Kemudian beliau juga berkata, “Siapa saja yang bersyukur dengan lisannya, namun tidak bersyukur dengan anggota badan lainnya, itu seperti seseorang yang mengenakan pakaian. Ia ambil ujung pakaian saja, tidak ia kenakan seluruhnya. Maka pakaian tersebut tidaklah manfaat untuknya untuk melindungi dirinya dari dingin, panas, salju dan hujan.” (Jami’ Al-‘Ulum wa Al-Hikam, 2:84, Ibnu Rajab al-Hambali)

Allah akan membalas setiap kebaikan hamba tersebut.

وَٱللَّهُ شَكُورٌ حَلِيمٌ.

“Allah itu Syakur lagi Haliim” (QS. At-Taghabun[64]: 17).

Ibnu Katsir menafsirkan Syakur dalam ayat ini, “Maksudnya adalah memberi membalas kebaikan yang sedikit dengan ganjaran yang banyak” (Tafsir Al-Qur’an Al-Azhim, 8/141)

Betapa banyaknya orang-orang yang mengatasnamakan syukur tetapi cara mereka keliru, yaitu dengan beraneka macam maksiat yang dipertontonkan, mulai dengan perlombaan yang tidak pantas dilihat sampai pada hal-hal yang berbau porno, ajang yang tidak sopan sampai jauhnya dari adab-adab dalam agama kita, yang menyedihkan semua itu disaksikan dan diajarkan oleh anak-anak kita.

Ada pula untuk memeriahkan banyak yang mendatangkan berbagai macam alat music, para penyanyi, kemudian berjoget dan bahkan sampai bermabuk-mabukan, inilah cara syukur yang keliru, demikian ini justru akan mendatangkan adzab bagi sebuah masyarakat yaitu dengan menggunakan nikmat tersebut untuk bermaksiat kepada Allah ta’ala.

2.   Mencintai negri ini dengan menjaganya.

Menjaga nergri ini dengan beberapa hal:

1)   Menjaga kelestarian dan kelangsungan hutan dan satwanya.

Yaitu tidak merusak dengan menebang tanpa berfirkir untuk mengembalikan, apalagi hal itu untuk kepentingan pribadi maupun golongannya saja.

Allah ta’ala berfirman:

ظَهَرَ الْفَسَادُ فِي الْبَرِّ وَالْبَحْرِ بِمَا كَسَبَتْ أَيْدِي النَّاسِ لِيُذِيقَهُمْ بَعْضَ الَّذِي عَمِلُوا لَعَلَّهُمْ يَرْجِعُونَ.

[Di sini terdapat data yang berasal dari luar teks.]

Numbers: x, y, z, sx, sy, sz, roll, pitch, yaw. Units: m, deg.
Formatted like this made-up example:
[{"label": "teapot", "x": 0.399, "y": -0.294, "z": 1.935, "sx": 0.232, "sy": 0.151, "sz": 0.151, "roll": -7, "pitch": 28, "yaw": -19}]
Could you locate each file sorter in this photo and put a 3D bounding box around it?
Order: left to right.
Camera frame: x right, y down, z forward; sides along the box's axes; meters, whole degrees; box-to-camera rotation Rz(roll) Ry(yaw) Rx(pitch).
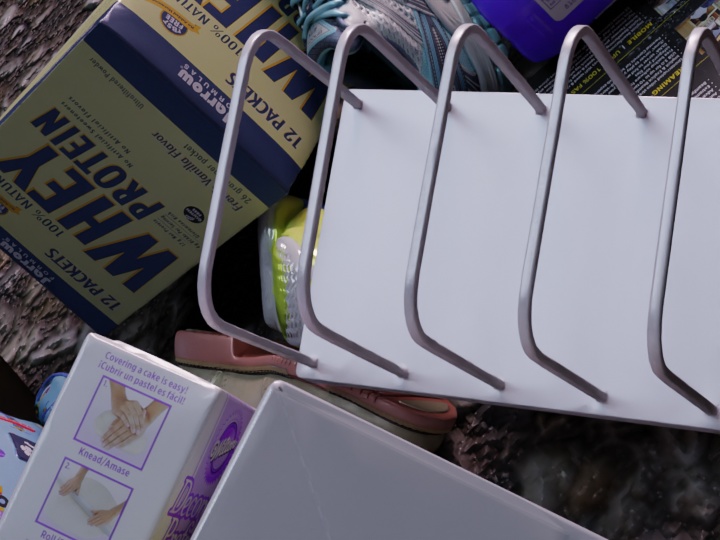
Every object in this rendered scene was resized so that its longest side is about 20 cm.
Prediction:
[{"label": "file sorter", "x": 0.050, "y": -0.022, "z": 0.601, "sx": 0.199, "sy": 0.124, "sz": 0.139, "roll": 5, "pitch": 78, "yaw": 27}]

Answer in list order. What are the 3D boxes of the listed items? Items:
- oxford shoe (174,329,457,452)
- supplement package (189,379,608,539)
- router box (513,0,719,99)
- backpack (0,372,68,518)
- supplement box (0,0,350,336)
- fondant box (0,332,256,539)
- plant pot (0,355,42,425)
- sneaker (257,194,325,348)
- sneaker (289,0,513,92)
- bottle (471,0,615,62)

“Telah tampak kerusakan di darat dan di laut disebabkan perbuatan tangan manusia, supaya Allah merasakan kepada mereka sebagian dari (akibat) perbuatan mereka, agar mereka kembali (ke jalan yang benar).” (QS. Ar-Rum[30]:41).

Firman Allah ta’ala:

{ظَهَرَ الْفَسَادُ فِي الْبَرِّ وَالْبَحْرِ بِمَا كَسَبَتْ أَيْدِي النَّاسِ}

“Telah tampak kerusakan di darat dan di laut disebabkan perbuatan tangan manusia.” (Ar-Rum: 41)

Yaitu dengan berkurangnya hasil tanam-tanaman dan buah-buahan karena banyak perbuatan maksiat yang dikerjakan oleh para penghuninya. (Tafsir Ibnu Katsir, QS. Ar-Rum[30]:41).

Merusak saja dilarang apalagi sampai menjualnya.

2)  Mengelola kekayaan alamnya dengan cara yang benar.

Negri kita ini negri yang kaya, baik dari tanamanya, tambangnya, lautannya hendaknya semua bentuk kekayaan di negri ini  dikelola dengan baik dan untuk kesejahteraan rakyatnya.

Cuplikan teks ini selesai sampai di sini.